Lo sciopero ad oltranza della Samsung è un passo importante affinché la classe lavoratrice coreana realizzi la forza che rappresenta e la possibilità di poter cambiare la società. Tuttavia solo il 20% del sindacato è in sciopero, parte del problema è stata la mancanza di iniziativa da parte dei dirigenti sindacali per coinvolgere il grosso dei lavoratori. è necessario che la lotta di estenda agli altri lavoratori della Samsung e anche alle altre imprese e settori dell’economia sud-coreana.
La classe dominante coreana, supportata dal governo conservatore, ha sempre attuato politiche apertamente antiproletarie. Lo sviluppo dei Chaebol è avvenuto grazie all’appoggio dei governi che da decenni hanno messo in campo politiche di aiuti finanziari come agevolazioni fiscali, finanziamenti a basso costo e forme di protezione quali barriere all’ingresso per competitors internazionali, fino a quando queste aziende non erano pronte a concorrere con i prodotti stranieri.
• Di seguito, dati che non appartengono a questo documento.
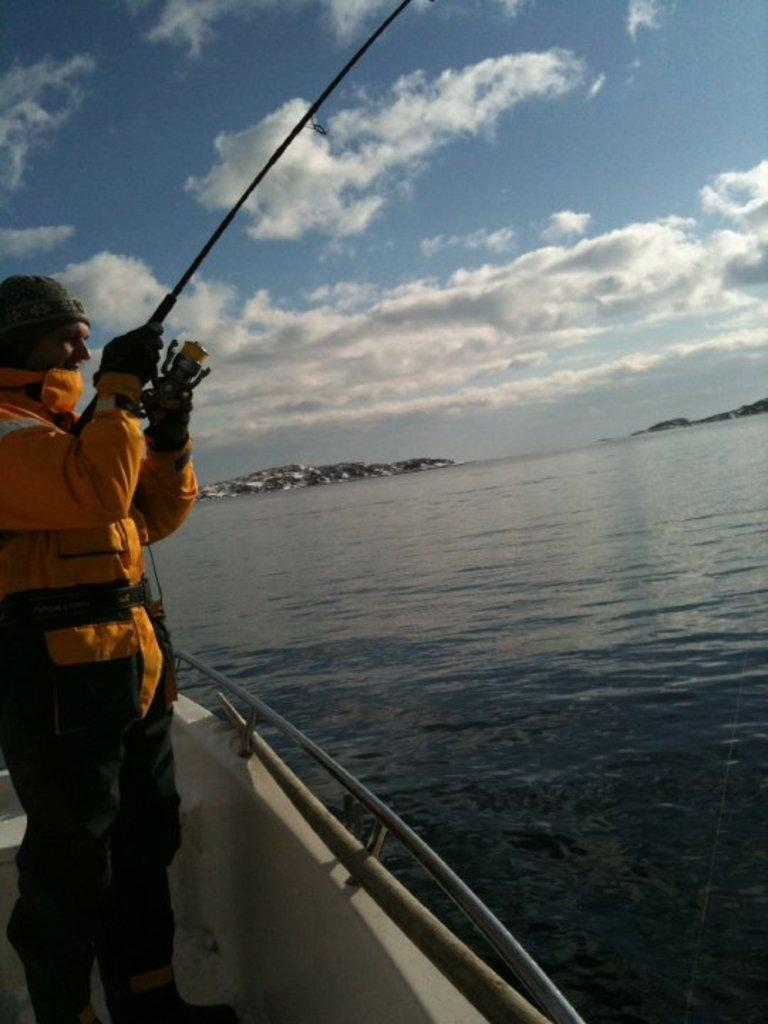Who is present in the image? There is a person in the image. What is the person doing in the image? The person is holding a fishing rod. What type of boat is the person in? The person is in a white color boat. What is the surrounding environment like in the image? There is water visible in the image, and there are mountains in the image. What is the color of the sky in the image? The sky is a combination of white and blue colors. What type of cannon is being used to prepare the meal in the image? There is no cannon or meal preparation visible in the image. What type of ray can be seen swimming in the water in the image? There are no rays visible in the water in the image.

Tuttavia gli anni del “miracolo economico” sono ben lontani. Anche la Corea del Sud sta attraversando una crisi che colpisce pesantemente la classe lavoratrice del paese. Quello che rimane intoccato è il profitto dei Chaebol basato sullo sfruttamento dei lavoratori e sulla speculazione.
Il malcontento dei lavoratori cresce sempre di più e si è espresso in varie forme. A febbraio hanno scioperato i medici tirocinanti per le disparità salariali, nel 2023 hanno scioperato 400mila lavoratori contro il governo.
Il NSEU rappresenta uno strato enormemente potente della classe operaia sud-coreana con il potenziale di paralizzare il settore più importante dell’economia. Se si si dota della giusta strategia di lotta è quindi nella posizione ideale per porsi alla guida dell’intera classe lavoratrice contro i capitalisti e il governo coreani.